Looks absolutely stunning. I am upgrading my rig for this as it looks just so detailed and gorgeous.


----------



## fishfinger (Mar 2, 2011)

Looking forward to it very much indeedy!


----------



## treelover (Mar 2, 2011)

considering it, thing is it is so realistic I would feel strange shooting allied planes/bombing towns, etc


----------



## treelover (Mar 2, 2011)

not many traders pre-selling it yet


----------



## Garek (Mar 2, 2011)

treelover said:


> not many traders pre-selling it yet


 
I've order the special edition of the Ubisoft website  

I am really looking forward to seeing how detailed the cities are, and the coast line. I loved Il-2, so to combine that with knowing what towns and cities I am flying over is just going to feel awesome. 

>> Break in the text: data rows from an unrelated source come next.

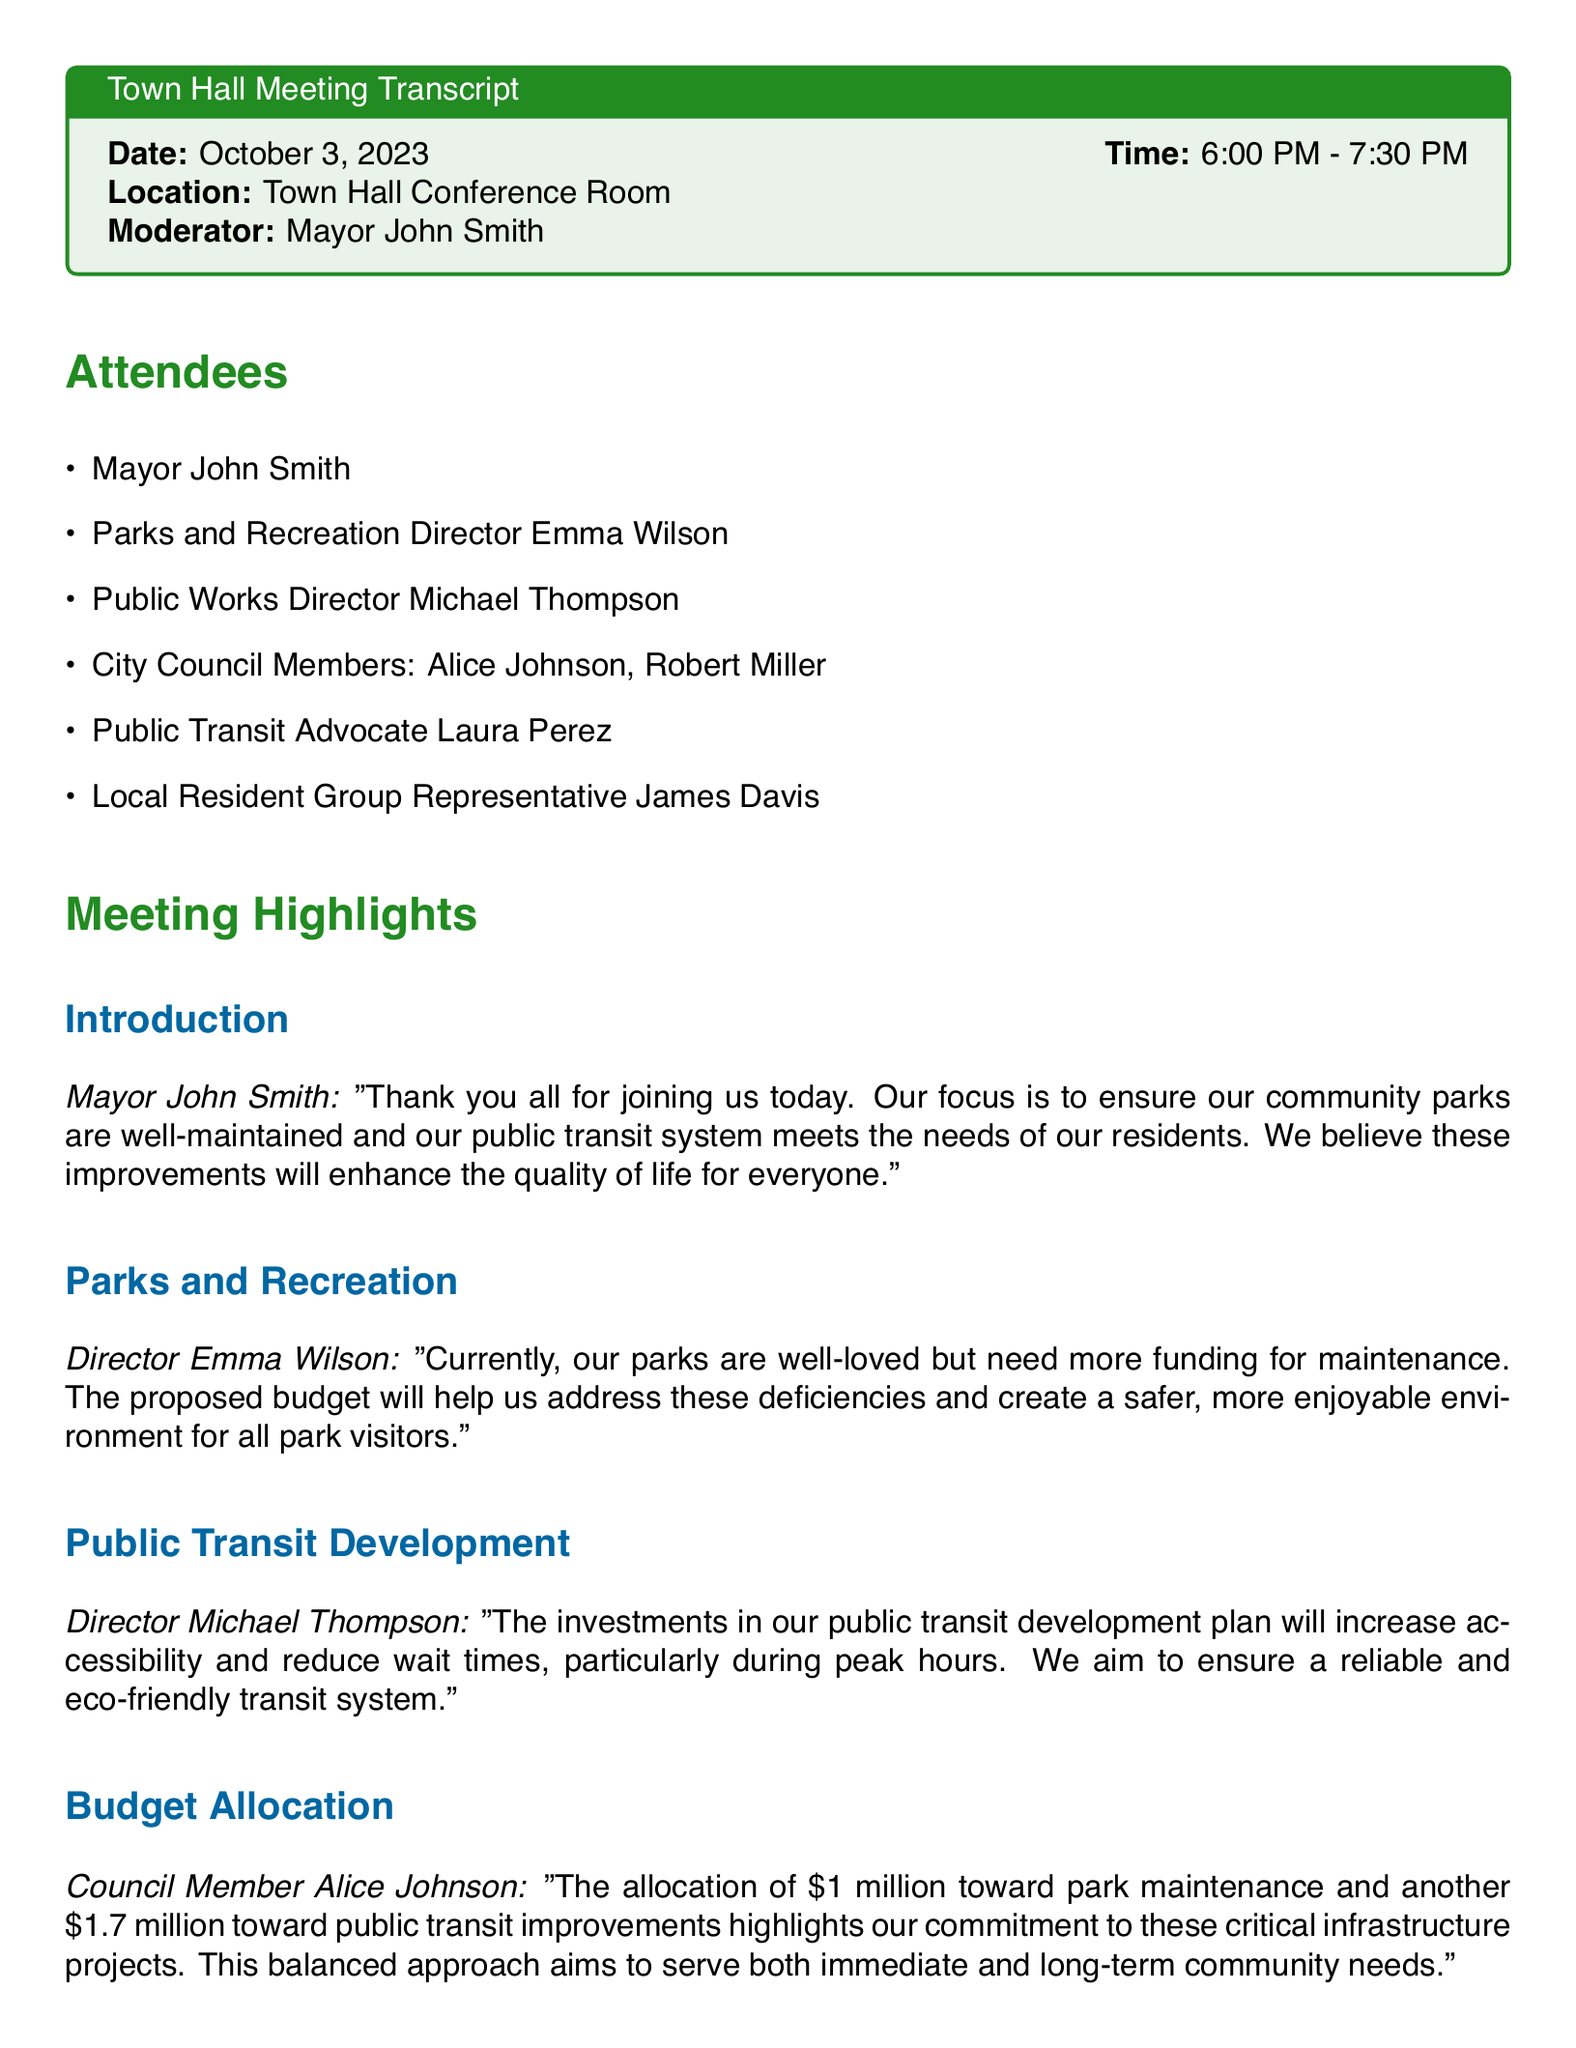What is the date of the meeting? The date of the meeting is clearly stated at the beginning of the document.
Answer: October 3, 2023 Who is the moderator of the meeting? The moderator is listed among the attendees at the start of the document.
Answer: Mayor John Smith How much funding is allocated for park maintenance? Budget allocation details are provided in the meeting highlights section.
Answer: $1 million What is the total budget allocated for public transit improvements? The total amount for public transit is specified in the budget allocation section.
Answer: $1.7 million What is the main goal of the public transit development plan? The main purpose is highlighted in Director Michael Thompson's statements about the plan.
Answer: Increase accessibility Which council member spoke about budget allocation? The document attributes a specific comment regarding budget allocation to one of the council members.
Answer: Alice Johnson What will the council do after reviewing feedback? The next steps indicate what actions will be taken following feedback.
Answer: Finalize the budget allocation What does Laura Perez advocate for regarding public transit? Laura Perez expresses her support for a particular focus related to public transit in the document.
Answer: Environmental goals How long did the meeting last? The meeting duration can be calculated from the start and end times indicated at the beginning.
Answer: 1 hour 30 minutes

Also another thing I am looking forward to is something like this: Getting the call that there are Heinkels coming over the channel, taking off from Biggin hill, hearing what the radar stations are picking up, engaging the enemy over southern England. That is going to sweet as fuck.

I am going to need a new joystick though.


----------



## no-no (Mar 2, 2011)

looks good, I kind of missed the boat on the last one. I can never find anyone online to play.

Will def be getting this


----------



## Garek (Mar 2, 2011)

What are people going to use to play this? I'm thinking of using this,


----------



## treelover (Mar 2, 2011)

not very 1940's


----------



## no-no (Mar 2, 2011)

I have a saitek thingy, looks like it's out of an xwing. works well with sturmovik though. I have flaps,power,weapons and viewpoints all mapped to joystick buttons so I can leave my other hand free to control the mouse/look around.

I love this game even though it's one of the hardest I've ever played.

ah here it is....


----------



## agricola (Mar 2, 2011)

Flyable Blenheims?  Flyable Defiants?


----------



## fishfinger (Mar 2, 2011)

One British campaign, in which you fly the Hurricane and the Spitfire, and one German campaign in which you fly the 109, the 110 and the Stuka. 

http://forums.ubi.com/eve/forums/a/tpc/f/8071032709/m/5151024809

Not sure whether there will be other flyable aircraft, maybe with future "add-ons"

Update: 

FLYABLE AIRCRAFT
Over a dozen highly detailed English, German and Italian aircraft, with famous fighters such as the Spitfire, Hurricane, and the Messerschmitt Bf-109. Flyable bombers including the He-111 and Blenheim are also available, with all crew positions open to the player. All flyable aircraft come with true-to-life cockpit interiors, based on thousands of hours of dedicated research.

NON-FLYABLE AIRCRAFT
13 AI controlled aircraft, including Vickers Wellington, Dornier D-17, and others. 

http://shop.ubi.com/store/ubiemea/en_GB/pd/productID.223684000


----------



## treelover (Mar 2, 2011)

funny how the 'collectors edition' is more or less what you got for the basic price in the past,. eg, BOB, Mig, etc..


----------



## Garek (Mar 2, 2011)

You what?


----------